BEGIN

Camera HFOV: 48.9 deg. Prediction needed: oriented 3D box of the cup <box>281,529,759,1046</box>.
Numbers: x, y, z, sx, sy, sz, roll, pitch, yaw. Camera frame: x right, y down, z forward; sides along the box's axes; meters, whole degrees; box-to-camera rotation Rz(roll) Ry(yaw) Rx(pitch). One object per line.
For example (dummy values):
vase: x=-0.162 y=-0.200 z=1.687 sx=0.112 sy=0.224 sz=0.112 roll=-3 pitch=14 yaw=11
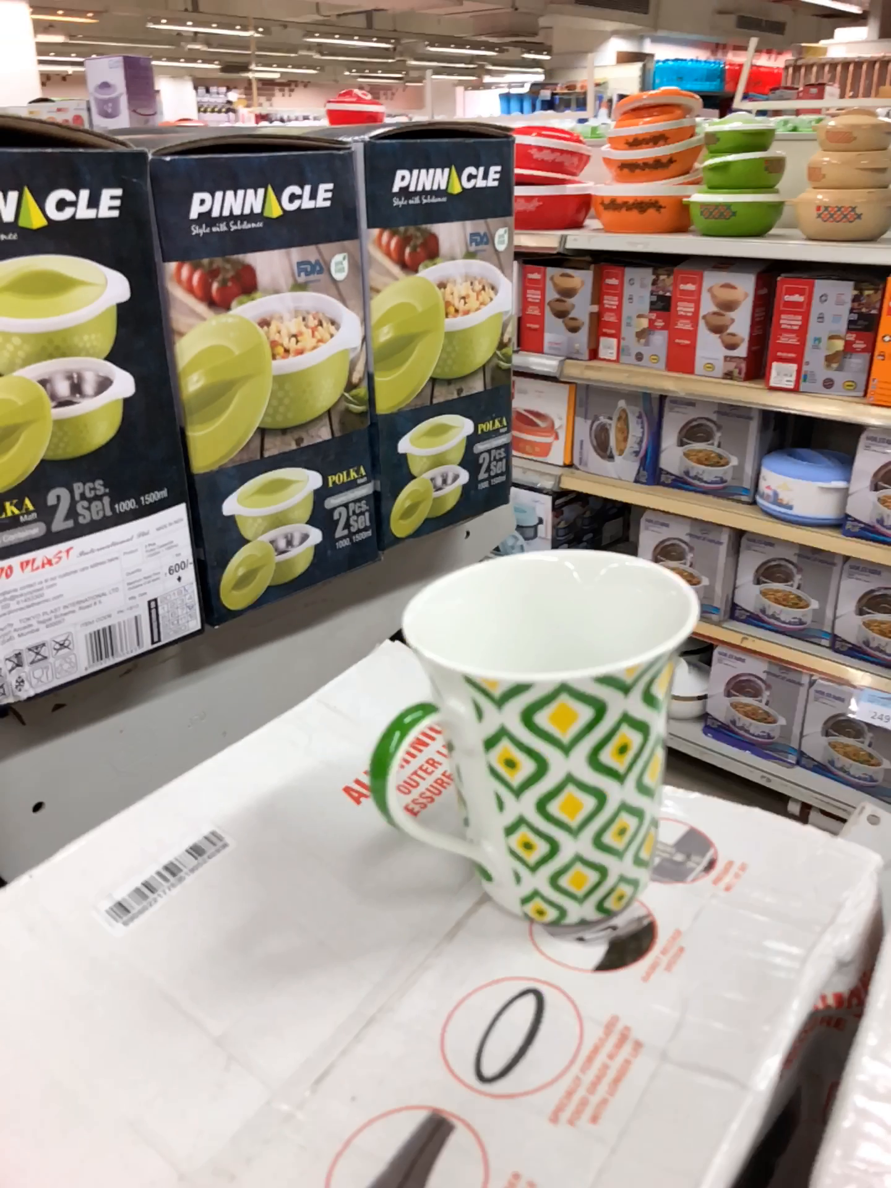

END

(Assignment)
Print the listing again exactly as it appears, except for the pictures, which stay out.

(Finished exercise)
Camera HFOV: 48.9 deg. Prediction needed: oriented 3D box of the cup <box>281,529,759,1046</box>.
Numbers: x, y, z, sx, sy, sz, roll, pitch, yaw. Camera frame: x right, y down, z forward; sides along the box's axes; meters, whole degrees; box-to-camera rotation Rz(roll) Ry(yaw) Rx(pitch). One object per line.
For example (dummy values):
vase: x=-0.162 y=-0.200 z=1.687 sx=0.112 sy=0.224 sz=0.112 roll=-3 pitch=14 yaw=11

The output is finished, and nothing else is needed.